Should You Refinance When You Get a New Job?

September 21, 2017


If you move into a new job, or even a new, higher paying position with the same organisation, will you be able to refinance and get a better deal on your loan? While your income level is a major factor in determining if you are eligible for the most competitive loan products on the market, there are many other factors that play a significant role as well.

Also, what you may not realise is that many lenders may not offer you a great loan because both your consistency of employment and your recent income, will also be factored into your loan eligibility. The fact that you just changed jobs could be a red flag to some banks.

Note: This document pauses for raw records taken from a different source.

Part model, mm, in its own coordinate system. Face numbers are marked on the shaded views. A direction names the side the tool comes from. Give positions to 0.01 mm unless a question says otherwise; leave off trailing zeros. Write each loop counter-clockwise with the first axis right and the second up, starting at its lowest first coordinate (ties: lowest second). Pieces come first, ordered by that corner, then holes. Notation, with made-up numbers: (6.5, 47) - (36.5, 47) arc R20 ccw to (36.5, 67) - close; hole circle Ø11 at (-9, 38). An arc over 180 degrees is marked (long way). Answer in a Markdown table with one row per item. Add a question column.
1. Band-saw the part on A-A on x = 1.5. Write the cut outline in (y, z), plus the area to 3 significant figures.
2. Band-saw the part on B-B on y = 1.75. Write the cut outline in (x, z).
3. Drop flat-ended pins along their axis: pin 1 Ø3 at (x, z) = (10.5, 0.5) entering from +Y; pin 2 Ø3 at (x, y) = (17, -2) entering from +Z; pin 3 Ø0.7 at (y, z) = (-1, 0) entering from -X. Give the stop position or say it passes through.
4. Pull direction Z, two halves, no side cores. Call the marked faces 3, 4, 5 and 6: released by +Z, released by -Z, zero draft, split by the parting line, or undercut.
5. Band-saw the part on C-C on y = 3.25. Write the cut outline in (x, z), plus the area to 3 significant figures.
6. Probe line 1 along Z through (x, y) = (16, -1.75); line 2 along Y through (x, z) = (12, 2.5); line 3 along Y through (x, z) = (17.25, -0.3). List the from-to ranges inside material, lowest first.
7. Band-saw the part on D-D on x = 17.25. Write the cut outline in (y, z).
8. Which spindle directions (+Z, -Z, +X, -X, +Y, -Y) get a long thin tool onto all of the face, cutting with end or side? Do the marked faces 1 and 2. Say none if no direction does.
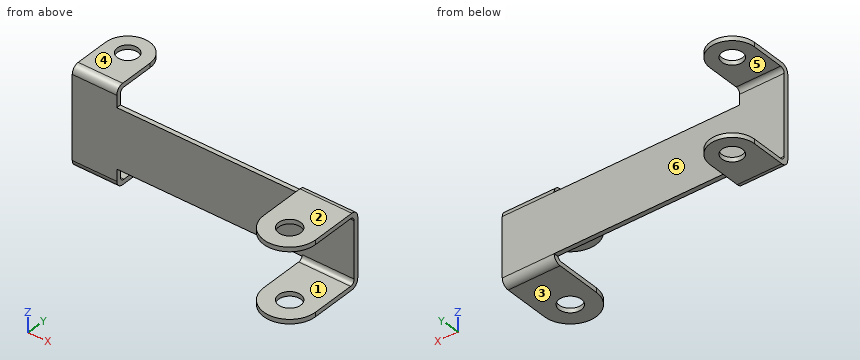
```python
from build123d import *

# Parameters (mm, degrees)
SKETCH1_W           = 19
SKETCH1_H           = 4
BOSS_EXTRUDE1_DEPTH = 0.3
SKETCH2_W           = 3
SKETCH2_H           = 1.3
BOSS_EXTRUDE2_DEPTH = 0.3
SKETCH3_W           = 3
SKETCH3_H           = 0.3
BOSS_EXTRUDE3_DEPTH = 4
FILLET1_RADIUS      = 1.5
FILLET1_LENGTH      = 0.3
FILLET2_RADIUS      = 1.5
FILLET2_LENGTH      = 0.3
SKETCH4_R           = 0.7
CUT_EXTRUDE1_DEPTH  = 21.568179307
SKETCH6_W           = 3.5
SKETCH6_H           = 0.5
BOSS_EXTRUDE4_DEPTH = 0.3
SKETCH7_W           = 3.5
SKETCH7_H           = 0.3
BOSS_EXTRUDE5_DEPTH = 5
FILLET3_RADIUS      = 1.75
FILLET3_LENGTH      = 0.3
FILLET4_RADIUS      = 1.75
FILLET4_LENGTH      = 0.3
SKETCH8_R           = 0.75
CUT_EXTRUDE2_DEPTH  = 21.485116548
FILLET5_R           = 0.3
FILLET6_R           = 0.5


with BuildPart() as part:
    # Sketch1 → Boss-Extrude1 (new body)
    with BuildSketch(Plane(origin=(0, 0, 0), x_dir=(1, 0, 0), z_dir=(0, 1, 0))):
        with Locations((9.5, -2)):
            Rectangle(SKETCH1_W, SKETCH1_H)
    extrude(amount=BOSS_EXTRUDE1_DEPTH)

    # Sketch2 → Boss-Extrude2 (add)
    with BuildSketch(Plane.XZ):
        with Locations((1.5, -0.65)):
            Rectangle(SKETCH2_W, SKETCH2_H)
        with Locations((1.5, 4.65)):
            Rectangle(SKETCH2_W, SKETCH2_H)
    extrude(amount=-BOSS_EXTRUDE2_DEPTH)

    # Sketch3 → Boss-Extrude3 (add)
    with BuildSketch(Plane(origin=(0, 0.3, 0), x_dir=(1, 0, 0), z_dir=(0, 1, 0))):
        with Locations((1.5, 1.15)):
            Rectangle(SKETCH3_W, SKETCH3_H)
        with Locations((1.5, -5.15)):
            Rectangle(SKETCH3_W, SKETCH3_H)
    extrude(amount=BOSS_EXTRUDE3_DEPTH)

    # Fillet1: full round fillet: the end face becomes a half cylinder, R = half its width
    fillet1_face = Plane((1.5, 4.3, -1.15), x_dir=(0, 0, 1), z_dir=(0, 1, 0))  # on the end face: x along it, z out of the body
    fillet1_slab = fillet1_face.offset(-FILLET1_RADIUS / 2) * Box(FILLET1_LENGTH, 2 * FILLET1_RADIUS, FILLET1_RADIUS, mode=Mode.PRIVATE)  # the body's end, R deep
    fillet1_round = Plane((1.5, 2.8, -1.15), x_dir=(0, 1, 0), z_dir=(0, 0, 1)) * Cylinder(FILLET1_RADIUS, FILLET1_LENGTH, mode=Mode.PRIVATE)  # its axis R under the face
    add(fillet1_slab - fillet1_round, mode=Mode.SUBTRACT)

    # Fillet2: full round fillet: the end face becomes a half cylinder, R = half its width
    fillet2_face = Plane((1.5, 4.3, 5.15), x_dir=(0, 0, -1), z_dir=(0, 1, 0))  # on the end face: x along it, z out of the body
    fillet2_slab = fillet2_face.offset(-FILLET2_RADIUS / 2) * Box(FILLET2_LENGTH, 2 * FILLET2_RADIUS, FILLET2_RADIUS, mode=Mode.PRIVATE)  # the body's end, R deep
    fillet2_round = Plane((1.5, 2.8, 5.15), x_dir=(0, 1, 0), z_dir=(0, 0, -1)) * Cylinder(FILLET2_RADIUS, FILLET2_LENGTH, mode=Mode.PRIVATE)  # its axis R under the face
    add(fillet2_slab - fillet2_round, mode=Mode.SUBTRACT)

    # Sketch4 → Cut-Extrude1 (cut, through all)
    with BuildSketch(Plane(origin=(0, 0, -1.3), x_dir=(-1, 0, 0), z_dir=(0, 0, -1))):
        with Locations((-1.5, 2.8)):
            Circle(SKETCH4_R)
    extrude(amount=-CUT_EXTRUDE1_DEPTH, mode=Mode.SUBTRACT)

    # Sketch6 → Boss-Extrude4 (add)
    with BuildSketch(Plane(origin=(0, 0.3, 0), x_dir=(1, 0, 0), z_dir=(0, 1, 0))):
        with Locations((17.25, 0.25)):
            Rectangle(SKETCH6_W, SKETCH6_H)
        with Locations((17.25, -4.25)):
            Rectangle(SKETCH6_W, SKETCH6_H)
    extrude(amount=-BOSS_EXTRUDE4_DEPTH)

    # Sketch7 → Boss-Extrude5 (add)
    with BuildSketch(Plane.XZ):
        with Locations((17.25, -0.35)):
            Rectangle(SKETCH7_W, SKETCH7_H)
        with Locations((17.25, 4.35)):
            Rectangle(SKETCH7_W, SKETCH7_H)
    extrude(amount=BOSS_EXTRUDE5_DEPTH)

    # Fillet3: full round fillet: the end face becomes a half cylinder, R = half its width
    fillet3_face = Plane((17.25, -5, 4.35), x_dir=(0, 0, -1), z_dir=(0, -1, 0))  # on the end face: x along it, z out of the body
    fillet3_slab = fillet3_face.offset(-FILLET3_RADIUS / 2) * Box(FILLET3_LENGTH, 2 * FILLET3_RADIUS, FILLET3_RADIUS, mode=Mode.PRIVATE)  # the body's end, R deep
    fillet3_round = Plane((17.25, -3.25, 4.35), x_dir=(0, -1, 0), z_dir=(0, 0, -1)) * Cylinder(FILLET3_RADIUS, FILLET3_LENGTH, mode=Mode.PRIVATE)  # its axis R under the face
    add(fillet3_slab - fillet3_round, mode=Mode.SUBTRACT)

    # Fillet4: full round fillet: the end face becomes a half cylinder, R = half its width
    fillet4_face = Plane((17.25, -5, -0.35), x_dir=(0, 0, -1), z_dir=(0, -1, 0))  # on the end face: x along it, z out of the body
    fillet4_slab = fillet4_face.offset(-FILLET4_RADIUS / 2) * Box(FILLET4_LENGTH, 2 * FILLET4_RADIUS, FILLET4_RADIUS, mode=Mode.PRIVATE)  # the body's end, R deep
    fillet4_round = Plane((17.25, -3.25, -0.35), x_dir=(0, -1, 0), z_dir=(0, 0, -1)) * Cylinder(FILLET4_RADIUS, FILLET4_LENGTH, mode=Mode.PRIVATE)  # its axis R under the face
    add(fillet4_slab - fillet4_round, mode=Mode.SUBTRACT)

    # Sketch8 → Cut-Extrude2 (cut, through all)
    with BuildSketch(Plane.XY.offset(4.5)):
        with Locations((17.25, -3.25)):
            Circle(SKETCH8_R)
    extrude(amount=-CUT_EXTRUDE2_DEPTH, mode=Mode.SUBTRACT)

    # Fillet5
    # the kernel refuses this fillet: 0.3 mm, written as the material it adds along each edge
    with BuildSketch(Plane(origin=(19, 0, -0.2), x_dir=(0, 0, 1), z_dir=(-1, 0, 0))) as fillet5_piece_1:
        with BuildLine():
            CenterArc((FILLET5_R, -FILLET5_R), FILLET5_R, 90, 90)
            Line((0, -FILLET5_R), (0, 0))
            Line((0, 0), (FILLET5_R, 0))
        make_face()
    extrude(amount=3.5)
    with BuildSketch(Plane(origin=(19, 0, 4.2), x_dir=(0, 0, -1), z_dir=(-1, 0, 0))) as fillet5_piece_2:
        with BuildLine():
            CenterArc((FILLET5_R, FILLET5_R), FILLET5_R, 180, 90)
            Line((0, FILLET5_R), (0, 0))
            Line((0, 0), (FILLET5_R, 0))
        make_face()
    extrude(amount=3.5)
    with BuildSketch(Plane(origin=(3, 0.3, -1), x_dir=(0, 0, 1), z_dir=(-1, 0, 0)), Plane(origin=(0, 0.3, 5), x_dir=(0, 0, -1), z_dir=(1, 0, 0))) as fillet5_piece_3:
        with BuildLine():
            CenterArc((FILLET5_R, FILLET5_R), FILLET5_R, 180, 90)
            Line((0, FILLET5_R), (0, 0))
            Line((0, 0), (FILLET5_R, 0))
        make_face()
    extrude(amount=3)

    # Fillet6
    fillet6_edges = [part.edges().sort_by_distance(p)[0] for p in [
        (1.5, 0, 5.3),
        (1.5, 0, -1.3),
        (17.25, 0.3, 4.5),
        (17.25, 0.3, -0.5),
    ]]
    fillet(fillet6_edges, radius=FILLET6_R)


solid = part.part
```
Values:
| question | item | result |
|---|---|---|
| 1 | outline | (0, -0.8) arc R0.5 ccw to (0.5, -1.3) - (2.1, -1.3) - (2.1, -1) - (0.6, -1) arc R0.3 cw to (0.3, -0.7) - (0.3, 4.7) arc R0.3 cw to (0.6, 5) - (2.1, 5) - (2.1, 5.3) - (0.5, 5.3) arc R0.5 ccw to (0, 4.8) - close; (3.5, -1.3) - (4.3, -1.3) - (4.3, -1) - (3.5, -1) - close; (3.5, 5) - (4.3, 5) - (4.3, 5.3) - (3.5, 5.3) - close |
| 1 | area | 3.47 mm² |
| 2 | outline | (0, -1.3) - (3, -1.3) - (3, -1) - (0, -1) - close; (0, 5) - (3, 5) - (3, 5.3) - (0, 5.3) - close |
| 3 | pin 1 | stops at y = 0.3 |
| 3 | pin 2 | stops at z = 4.5 |
| 3 | pin 3 | stops at x = 15.5 |
| 4 | face 3 | released by -Z |
| 4 | face 4 | released by +Z |
| 4 | face 5 | undercut |
| 4 | face 6 | undercut |
| 5 | outline | (0.07, -1.3) - (0.96, -1.3) - (0.96, -1) - (0.07, -1) - close; (0.07, 5) - (0.96, 5) - (0.96, 5.3) - (0.07, 5.3) - close; (2.04, -1.3) - (2.93, -1.3) - (2.93, -1) - (2.04, -1) - close; (2.04, 5) - (2.93, 5) - (2.93, 5.3) - (2.04, 5.3) - close |
| 5 | area | 1.07 mm² |
| 6 | line 1 | z = -0.5 to -0.2, 4.2 to 4.5 |
| 6 | line 2 | y = 0 to 0.3 |
| 6 | line 3 | y = -5 to -4, -2.5 to 0.2 |
| 7 | outline | (-5, -0.5) - (-4, -0.5) - (-4, -0.2) - (-5, -0.2) - close; (-5, 4.2) - (-4, 4.2) - (-4, 4.5) - (-5, 4.5) - close; (-2.5, -0.5) - (-0.2, -0.5) arc R0.5 ccw to (0.3, 0) - (0.3, 4) arc R0.5 ccw to (-0.2, 4.5) - (-2.5, 4.5) - (-2.5, 4.2) - (-0.3, 4.2) arc R0.3 cw to (0, 3.9) - (0, 0.1) arc R0.3 cw to (-0.3, -0.2) - (-2.5, -0.2) - close |
| 8 | face 1 | +X, -X, -Y |
| 8 | face 2 | +Z, +X, -X, +Y, -Y |
CAD build for the part. Positions are in the model's coordinates, mm. A direction names the side the tool comes from. Give positions to 0.01 mm unless a question says otherwise; leave off trailing zeros. Write each loop counter-clockwise with the first axis right and the second up, starting at its lowest first coordinate (ties: lowest second). Pieces come first, ordered by that corner, then holes. Notation, with made-up numbers: (88, 31) -> (143, 31) arc R12 ccw to (143, 54) -> close; hole circle Ø9 at (62.25, 61.25). An arc over 180 degrees is marked (long way). Answer as a JSON object with one key per item and string values.
```python
from build123d import *

# Parameters (mm, degrees)
BOSS_EXTRUDE1_DEPTH = 4
SKETCH2_W           = 12.35
SKETCH2_H           = 22.75
SKETCH2_W_2         = 12.2
SKETCH2_H_2         = 22.6
CUT_EXTRUDE10_DEPTH = 56.09122169
SKETCH6_R           = 4.5665
BOSS_EXTRUDE3_DEPTH = 10
SKETCH4_R           = 2.05
CUT_EXTRUDE11_DEPTH = 9.65
SKETCH15_R          = 1.3
CUT_EXTRUDE13_DEPTH = 9.65
SKETCH20_W          = 17.24
SKETCH20_H          = 7
BOSS_EXTRUDE4_DEPTH = 29.1
SKETCH14_R          = 2.05
CUT_EXTRUDE16_DEPTH = 58.586980363
SKETCH17_R          = 1.55
CUT_EXTRUDE17_DEPTH = 57.701346609


with BuildPart() as part:
    # Sketch1 → Boss-Extrude1 (new body)
    with BuildSketch(Plane.XY):
        Polygon((-16.687663097, 29.51713681), (16.687663097, 29.51713681), (29.751665716, 25.127138307), (45.48566771, 15.533136266), (46.115666453, 11.829137748), (44.06566621, 7.52513699), (39.527662855, 7.785135244), (26.057661336, 11.143136948), (19.095663738, 12.099134391), (13.943658967, -9.798863607), (14.617658977, -19.488863352), (14.549662185, -29.872864189), (-14.549662185, -29.872864189), (-14.619662252, -19.488863352), (-13.945660379, -9.798863607), (-19.097663288, 12.099134391), (-26.059662749, 11.143136948), (-39.529662405, 7.785135244), (-44.067662035, 7.52513699), (-46.113662247, 11.829137748), (-45.485663985, 15.533136266), (-29.75166199, 25.127138307), align=None)
    extrude(amount=BOSS_EXTRUDE1_DEPTH)

    # Sketch2 → Cut-Extrude10 (cut, through all)
    with BuildSketch(Plane.XY.offset(4)):
        with Locations((0.075, 1.67213681)):
            Rectangle(SKETCH2_W, SKETCH2_H)
        with Locations((0, 1.74713681)):
            Rectangle(SKETCH2_W_2, SKETCH2_H_2)
    extrude(amount=-CUT_EXTRUDE10_DEPTH, mode=Mode.SUBTRACT)

    # Sketch6 → Boss-Extrude3 (add)
    with BuildSketch(Plane.XY.offset(4)):
        with Locations((-41.008819859, 12.415108178)):
            Circle(SKETCH6_R)
        with Locations(Location((41.008819859, 12.415108178, 0), (0, 0, 180))):
            Circle(SKETCH6_R)
    extrude(amount=BOSS_EXTRUDE3_DEPTH)

    # Sketch4 → Cut-Extrude11 (cut)
    with BuildSketch(Plane.XY.offset(4)):
        with Locations((10.005, -26.272864189)):
            Circle(SKETCH4_R)
        with Locations((-10.005, -26.272864189)):
            Circle(SKETCH4_R)
    extrude(amount=-CUT_EXTRUDE11_DEPTH, mode=Mode.SUBTRACT)

    # Sketch15 → Cut-Extrude13 (cut)
    with BuildSketch(Plane.XY.offset(4)):
        with Locations((-0.026341033, -12.13286319)):
            Circle(SKETCH15_R)
        with Locations((-0.024336262, 15.52713681)):
            Circle(SKETCH15_R)
    extrude(amount=-CUT_EXTRUDE13_DEPTH, mode=Mode.SUBTRACT)

    # Sketch20 → Boss-Extrude4 (add)
    with BuildSketch(Plane(origin=(14.744644235, -0.096551274, 0), x_dir=(0, 0, -1), z_dir=(0.9999785610524021, -0.006548086405005186, 0))):
        with Locations((-12.62, -26.276951301)):
            Rectangle(SKETCH20_W, SKETCH20_H)
    extrude(amount=-BOSS_EXTRUDE4_DEPTH)

    # Sketch14 → Cut-Extrude16 (cut, through all)
    with BuildSketch(Plane.XY.offset(4)):
        with Locations((-10.005, -26.272864189)):
            Circle(SKETCH14_R)
        with Locations((10.005, -26.272864189)):
            Circle(SKETCH14_R)
    extrude(amount=CUT_EXTRUDE16_DEPTH, mode=Mode.SUBTRACT)

    # Sketch17 → Cut-Extrude17 (cut, through all)
    with BuildSketch(Plane.XY.offset(14)):
        with Locations((41.008819859, 12.415108178)):
            Circle(SKETCH17_R)
        with Locations(Location((-41.008819859, 12.415108178, 0), (0, 0, 180))):
            Circle(SKETCH17_R)
    extrude(amount=-CUT_EXTRUDE17_DEPTH, mode=Mode.SUBTRACT)


solid = part.part
```
1) 3-axis set-ups, long thin cutter, end or side, ignore diameter. For faces 1 (the flat face through (-14.287, -14.712, 1.972)), 2 (the flat face through (14.276, -14.576, 1.972)), 3 (the flat face through (32.89, 9.44, 1.97)), 4 (the flat face through (6.25, 2, 2)), 5 (the cylindrical face through (45.57, 12.21, 8.93)): which of +Z, -Z, +X, -X, +Y, -Y reach the whole face in a straight line?
Model answer:
{"face 1": "+Z, -Z, -X", "face 2": "+Z, -Z, +X", "face 3": "+Z, -Z, -Y", "face 4": "+Z, -Z", "face 5": "+Z"}
2) Slice it at A-A (z = 7.25). State how many separate pieces and enclosed holes the cut face has, then the cut area to 3 significant figures.
Model answer:
{"separate pieces": "3", "enclosed holes": "4", "area": "293 mm2"}
3) Pin check, flat tips, straight feed: pin 1 (6 mm diameter, centred on x = -12.5, y = -1, fed in from +Z); pin 2 (2.5 mm diameter, centred on x = 10.01, y = -26.27, fed in from -Z); pin 3 (1.5 mm diameter, centred on x = -35, z = 3, fed in from -Y); pin 4 (8 mm diameter, centred on y = 1.5, z = 5.5, fed in from -X). Stop position of each tip, or through.
Model answer:
{"pin 1": "stops at z = 4", "pin 2": "passes through", "pin 3": "stops at y = 8.73", "pin 4": "stops at x = -17.48"}
4) Slice it at D-D (y = -4). List the corners of the cut face in (x, z), then the cut area to 3 significant figures.
Model answer:
{"outline": "(-15.31, 0) -> (-6.1, 0) -> (-6.1, 4) -> (-15.31, 4) -> close; (6.25, 0) -> (15.31, 0) -> (15.31, 4) -> (6.25, 4) -> close", "area": "73.1 mm2"}
5) Slice it at C-C (y = 9.5). List the corners of the cut face in (x, z).
Model answer:
{"outline": "(-45.01, 0) -> (-32.65, 0) -> (-32.65, 4) -> (-37.49, 4) -> (-37.49, 14) -> (-44.52, 14) -> (-44.52, 4) -> (-45.01, 4) -> close; (-18.49, 0) -> (-6.1, 0) -> (-6.1, 4) -> (-18.49, 4) -> close; (6.25, 0) -> (18.48, 0) -> (18.48, 4) -> (6.25, 4) -> close; (32.65, 0) -> (45.01, 0) -> (45.01, 4) -> (44.52, 4) -> (44.52, 14) -> (37.49, 14) -> (37.49, 4) -> (32.65, 4) -> close"}
6) Slice it at B-B (x = 5). List the corners of the cut face in (y, z), then the cut area to 3 significant figures.
Model answer:
{"outline": "(-29.87, 0) -> (-9.7, 0) -> (-9.7, 4) -> (-22.81, 4) -> (-22.81, 21.24) -> (-29.81, 21.24) -> (-29.81, 4) -> (-29.87, 4) -> close; (13.05, 0) -> (29.52, 0) -> (29.52, 4) -> (13.05, 4) -> close", "area": "267 mm2"}
7) Wall check: probe 1 along Z at (x, y) = (11, 0); probe 2 along Y at (x, z) = (10.5, 17.75); probe 3 along X at (y, z) = (-20, 1.5). Give the ranges that are in metal, low to high.
Model answer:
{"probe 1": "z = 0 to 4", "probe 2": "y = -29.85 to -28.26, -24.28 to -22.85", "probe 3": "x = -14.62 to 14.61"}
8) Mould opens along X. For faces 6 (the cylindrical face through (-45.57, 12.62, 8.93)), 7 (the flat face through (0, -26, 21.24)), 8 (the flat face through (37.509, 20.397, 1.972)) say: released by +X, released by -X, zero draft, split by the parting line, or undercut.
Model answer:
{"face 6": "undercut", "face 7": "zero draft", "face 8": "released by +X"}

Banks Don’t Like Inconsistency

The blue chip borrowers are those who have a stable employment with a steady or rising income. This makes it easier for banks to assess how much you’ll be able to afford now – and twenty years from now. If you have a history of moving from one job to another every year or two, some lenders may deny your application or at least will require other qualifiers such as excellent credit and strong savings habits to feel secure you are someone who is responsible enough to handle a mortgage.

Aside from income, lenders will consider how often you change jobs, as well as if you have or are considering a brand new career direction. While making a career overhaul may be exciting to you, it doesn’t excite banks. They want to see a built up a track record for success in whatever industry you are currently working in.

How Long Should You Wait to Refinance?

If you can hold off on refinancing, you may have a better chance of securing a competitive loan. Ideally, lenders want to see you’ve been in your current position for at least 6 to 12 months. You’ll be eligible for better loan products if you’ve been working for the same organisation for over a year.

What if you want to refinance now for other reasons? You do have some options. First, you may be able to refinance even if you’ve only been in your new job for a few months if you have a large down payment or have built up a lot of equity in your home. On the other hand, don’t expect to borrow more than 80% of the loan to value ratio without a solid income and employment history.

There are lenders out there who have more flexible lending policies. Talk to a mortgage broker or specialist about working with specialised lenders who will be willing to look at alternative factors such as other sources of income like investments or royalties, and a proven ability to earn a high income within your industry.

Shop around and explore your options. Take an honest look at your finances, lifestyle habits and borrowing power. Getting a new job shouldn’t hold you back – it’s something to be proud of. As long as you do your research and are smart about choosing your new loan and when to apply for it, your career and your new mortgage can open even more doors for your financial future.